A CMDB is critical in today's complex enterprise networks. According to Gartner (Source: "CMDB or Configuration Database; Know the Difference," by Ronni Colville), an effective CMDB must have four critical capabilities: federation, reconciliation, mapping and visualization, and synchronization.

Federation

Very generally, "federation" means taking data from multiple configuration and management sources and repositories and effectively putting them into one logical, virtual CMS in such a way that the most up-to-date values are used, all the information is integrated so that there are no repeats or gaps, and the information is comprehensive. Federation directly brings in multiple data sources by linking to different sources.

However, it is important to note that this federated data does not usually reside in a single repository. Federation combines assorted and diverse CMDBs and related data repositories, providing an accurate, single view, but not necessarily single location, of data for all IT processes from which to work.

There is a long-standing and often-criticized aspect of a CMDB: many skeptics proclaim that creating a monolithic CMDB is too large of an undertaking. Indeed, the CMDB of ITIL v2 was often interpreted as a single, massive repository, while the ITIL V3 CMS relies more on federating data from multiple sources.

Ideally, federation should provide a context for the user and application. Yes, establishing federation can be a large undertaking, and the larger and more complex the enterprise, the larger and more complex the task of effectively creating a CMS. For this reason, automation tools should be used to tackle and resolve this challenge as well as facilitate the federation process.

Reconciliation

Reconciliation will ensure data is coalesced to avoid having duplicates as well as to enable matching CIs from different sources. The CMDB is the repository that provides a single source of CI data for enterprise IT services and processes to use. It is a very good idea to use automated discovery tools to keep the CMDB updated. However, when using the automated tools, you cannot simply run them to update the CMDB and assume that everything will be correct. You must ensure an appropriate level of logic is applied, and know how the tools capture the CI data and store it within the CMDB. It is also very important that you understand how conflicts between the CMDB and incoming data are accurately resolved.

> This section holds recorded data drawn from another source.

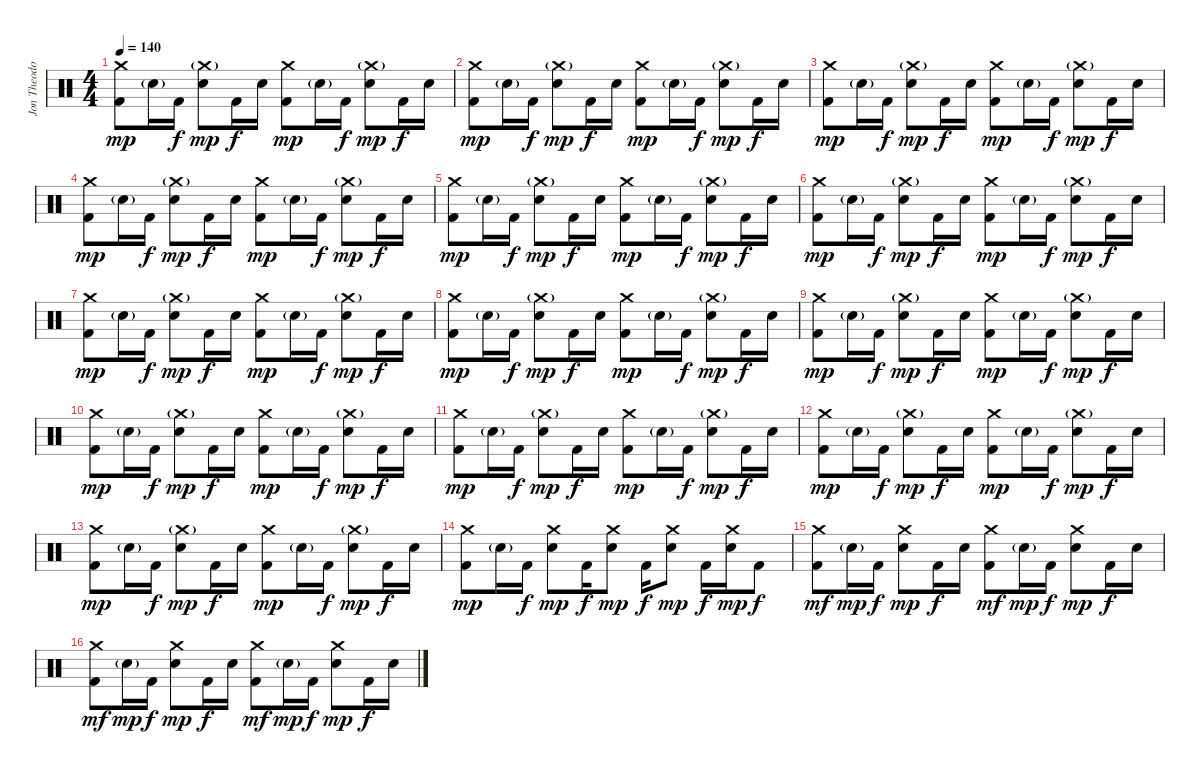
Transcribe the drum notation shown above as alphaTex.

\track ("Jon Theodore - Drums" "Jon Theodo") {instrument percussion}
\staff {score}
\articulation defaults
\ts (4 4)
\tempo 140
\clef neutral
\ks c
("Crash medium (hit)" "Kick (hit) 2").8{dy mp} "Electric Snare (hit)"{g}.16 "Kick (hit) 2".16{dy f} ("Crash medium (hit)"{g} "Electric Snare (hit)").8{dy mp} "Kick (hit) 2".16{dy f} "Electric Snare (hit)".16 ("Crash medium (hit)" "Kick (hit) 2").8{dy mp} "Electric Snare (hit)"{g}.16 "Kick (hit) 2".16{dy f} ("Crash medium (hit)"{g} "Electric Snare (hit)").8{dy mp} "Kick (hit) 2".16{dy f} "Electric Snare (hit)".16 |
("Crash medium (hit)" "Kick (hit) 2").8{dy mp} "Electric Snare (hit)"{g}.16 "Kick (hit) 2".16{dy f} ("Crash medium (hit)"{g} "Electric Snare (hit)").8{dy mp} "Kick (hit) 2".16{dy f} "Electric Snare (hit)".16 ("Crash medium (hit)" "Kick (hit) 2").8{dy mp} "Electric Snare (hit)"{g}.16 "Kick (hit) 2".16{dy f} ("Crash medium (hit)"{g} "Electric Snare (hit)").8{dy mp} "Kick (hit) 2".16{dy f} "Electric Snare (hit)".16 |
("Crash medium (hit)" "Kick (hit) 2").8{dy mp} "Electric Snare (hit)"{g}.16 "Kick (hit) 2".16{dy f} ("Crash medium (hit)"{g} "Electric Snare (hit)").8{dy mp} "Kick (hit) 2".16{dy f} "Electric Snare (hit)".16 ("Crash medium (hit)" "Kick (hit) 2").8{dy mp} "Electric Snare (hit)"{g}.16 "Kick (hit) 2".16{dy f} ("Crash medium (hit)"{g} "Electric Snare (hit)").8{dy mp} "Kick (hit) 2".16{dy f} "Electric Snare (hit)".16 |
("Crash medium (hit)" "Kick (hit) 2").8{dy mp} "Electric Snare (hit)"{g}.16 "Kick (hit) 2".16{dy f} ("Crash medium (hit)"{g} "Electric Snare (hit)").8{dy mp} "Kick (hit) 2".16{dy f} "Electric Snare (hit)".16 ("Crash medium (hit)" "Kick (hit) 2").8{dy mp} "Electric Snare (hit)"{g}.16 "Kick (hit) 2".16{dy f} ("Crash medium (hit)"{g} "Electric Snare (hit)").8{dy mp} "Kick (hit) 2".16{dy f} "Electric Snare (hit)".16 |
("Crash medium (hit)" "Kick (hit) 2").8{dy mp} "Electric Snare (hit)"{g}.16 "Kick (hit) 2".16{dy f} ("Crash medium (hit)"{g} "Electric Snare (hit)").8{dy mp} "Kick (hit) 2".16{dy f} "Electric Snare (hit)".16 ("Crash medium (hit)" "Kick (hit) 2").8{dy mp} "Electric Snare (hit)"{g}.16 "Kick (hit) 2".16{dy f} ("Crash medium (hit)"{g} "Electric Snare (hit)").8{dy mp} "Kick (hit) 2".16{dy f} "Electric Snare (hit)".16 |
("Crash medium (hit)" "Kick (hit) 2").8{dy mp} "Electric Snare (hit)"{g}.16 "Kick (hit) 2".16{dy f} ("Crash medium (hit)"{g} "Electric Snare (hit)").8{dy mp} "Kick (hit) 2".16{dy f} "Electric Snare (hit)".16 ("Crash medium (hit)" "Kick (hit) 2").8{dy mp} "Electric Snare (hit)"{g}.16 "Kick (hit) 2".16{dy f} ("Crash medium (hit)"{g} "Electric Snare (hit)").8{dy mp} "Kick (hit) 2".16{dy f} "Electric Snare (hit)".16 |
("Crash medium (hit)" "Kick (hit) 2").8{dy mp} "Electric Snare (hit)"{g}.16 "Kick (hit) 2".16{dy f} ("Crash medium (hit)"{g} "Electric Snare (hit)").8{dy mp} "Kick (hit) 2".16{dy f} "Electric Snare (hit)".16 ("Crash medium (hit)" "Kick (hit) 2").8{dy mp} "Electric Snare (hit)"{g}.16 "Kick (hit) 2".16{dy f} ("Crash medium (hit)"{g} "Electric Snare (hit)").8{dy mp} "Kick (hit) 2".16{dy f} "Electric Snare (hit)".16 |
("Crash medium (hit)" "Kick (hit) 2").8{dy mp} "Electric Snare (hit)"{g}.16 "Kick (hit) 2".16{dy f} ("Crash medium (hit)"{g} "Electric Snare (hit)").8{dy mp} "Kick (hit) 2".16{dy f} "Electric Snare (hit)".16 ("Crash medium (hit)" "Kick (hit) 2").8{dy mp} "Electric Snare (hit)"{g}.16 "Kick (hit) 2".16{dy f} ("Crash medium (hit)"{g} "Electric Snare (hit)").8{dy mp} "Kick (hit) 2".16{dy f} "Electric Snare (hit)".16 |
("Crash medium (hit)" "Kick (hit) 2").8{dy mp} "Electric Snare (hit)"{g}.16 "Kick (hit) 2".16{dy f} ("Crash medium (hit)"{g} "Electric Snare (hit)").8{dy mp} "Kick (hit) 2".16{dy f} "Electric Snare (hit)".16 ("Crash medium (hit)" "Kick (hit) 2").8{dy mp} "Electric Snare (hit)"{g}.16 "Kick (hit) 2".16{dy f} ("Crash medium (hit)"{g} "Electric Snare (hit)").8{dy mp} "Kick (hit) 2".16{dy f} "Electric Snare (hit)".16 |
("Crash medium (hit)" "Kick (hit) 2").8{dy mp} "Electric Snare (hit)"{g}.16 "Kick (hit) 2".16{dy f} ("Crash medium (hit)"{g} "Electric Snare (hit)").8{dy mp} "Kick (hit) 2".16{dy f} "Electric Snare (hit)".16 ("Crash medium (hit)" "Kick (hit) 2").8{dy mp} "Electric Snare (hit)"{g}.16 "Kick (hit) 2".16{dy f} ("Crash medium (hit)"{g} "Electric Snare (hit)").8{dy mp} "Kick (hit) 2".16{dy f} "Electric Snare (hit)".16 |
("Crash medium (hit)" "Kick (hit) 2").8{dy mp} "Electric Snare (hit)"{g}.16 "Kick (hit) 2".16{dy f} ("Crash medium (hit)"{g} "Electric Snare (hit)").8{dy mp} "Kick (hit) 2".16{dy f} "Electric Snare (hit)".16 ("Crash medium (hit)" "Kick (hit) 2").8{dy mp} "Electric Snare (hit)"{g}.16 "Kick (hit) 2".16{dy f} ("Crash medium (hit)"{g} "Electric Snare (hit)").8{dy mp} "Kick (hit) 2".16{dy f} "Electric Snare (hit)".16 |
("Crash medium (hit)" "Kick (hit) 2").8{dy mp} "Electric Snare (hit)"{g}.16 "Kick (hit) 2".16{dy f} ("Crash medium (hit)"{g} "Electric Snare (hit)").8{dy mp} "Kick (hit) 2".16{dy f} "Electric Snare (hit)".16 ("Crash medium (hit)" "Kick (hit) 2").8{dy mp} "Electric Snare (hit)"{g}.16 "Kick (hit) 2".16{dy f} ("Crash medium (hit)"{g} "Electric Snare (hit)").8{dy mp} "Kick (hit) 2".16{dy f} "Electric Snare (hit)".16 |
("Crash medium (hit)" "Kick (hit) 2").8{dy mp} "Electric Snare (hit)"{g}.16 "Kick (hit) 2".16{dy f} ("Crash medium (hit)"{g} "Electric Snare (hit)").8{dy mp} "Kick (hit) 2".16{dy f} "Electric Snare (hit)".16 ("Crash medium (hit)" "Kick (hit) 2").8{dy mp} "Electric Snare (hit)"{g}.16 "Kick (hit) 2".16{dy f} ("Crash medium (hit)"{g} "Electric Snare (hit)").8{dy mp} "Kick (hit) 2".16{dy f} "Electric Snare (hit)".16 |
("Crash medium (hit)" "Kick (hit) 2").8{dy mp} "Electric Snare (hit)"{g}.16 "Kick (hit) 2".16{dy f} ("Crash medium (hit)" "Electric Snare (hit)").8{dy mp} "Kick (hit) 2".16{dy f} ("Crash medium (hit)" "Electric Snare (hit)").8{dy mp} "Kick (hit) 2".16{dy f} ("Crash medium (hit)" "Electric Snare (hit)").8{dy mp} "Kick (hit) 2".16{dy f} ("Crash medium (hit)" "Electric Snare (hit)").16{dy mp} "Kick (hit) 2".8{dy f} |
("Crash medium (hit)" "Kick (hit) 2").8{dy mf} "Electric Snare (hit)"{g}.16{dy mp} "Kick (hit) 2".16{dy f} ("Crash medium (hit)" "Electric Snare (hit)").8{dy mp} "Kick (hit) 2".16{dy f} "Electric Snare (hit)".16 ("Crash medium (hit)" "Kick (hit) 2").8{dy mf} "Electric Snare (hit)"{g}.16{dy mp} "Kick (hit) 2".16{dy f} ("Crash medium (hit)" "Electric Snare (hit)").8{dy mp} "Kick (hit) 2".16{dy f} "Electric Snare (hit)".16 |
("Crash medium (hit)" "Kick (hit) 2").8{dy mf} "Electric Snare (hit)"{g}.16{dy mp} "Kick (hit) 2".16{dy f} ("Crash medium (hit)" "Electric Snare (hit)").8{dy mp} "Kick (hit) 2".16{dy f} "Electric Snare (hit)".16 ("Crash medium (hit)" "Kick (hit) 2").8{dy mf} "Electric Snare (hit)"{g}.16{dy mp} "Kick (hit) 2".16{dy f} ("Crash medium (hit)" "Electric Snare (hit)").8{dy mp} "Kick (hit) 2".16{dy f} "Electric Snare (hit)".16

A few years ago, I worked with a very large multi-national organization that had more than 20 service and product business units throughout their enterprise. They had established a separate external customer marketing opt-out database within each of the business units. Throughout the day, as each business unit would receive an opt-out request from their external services and products customer, they would update their business opt-out database. As communicated to the customers, these opt-out requests were supposed to apply to all the organization's products and services. Each night, an automated process ran to take each of the databases, in the same order every night, and update the central master customer opt-out database. Sounds like a good idea, right? Wrong.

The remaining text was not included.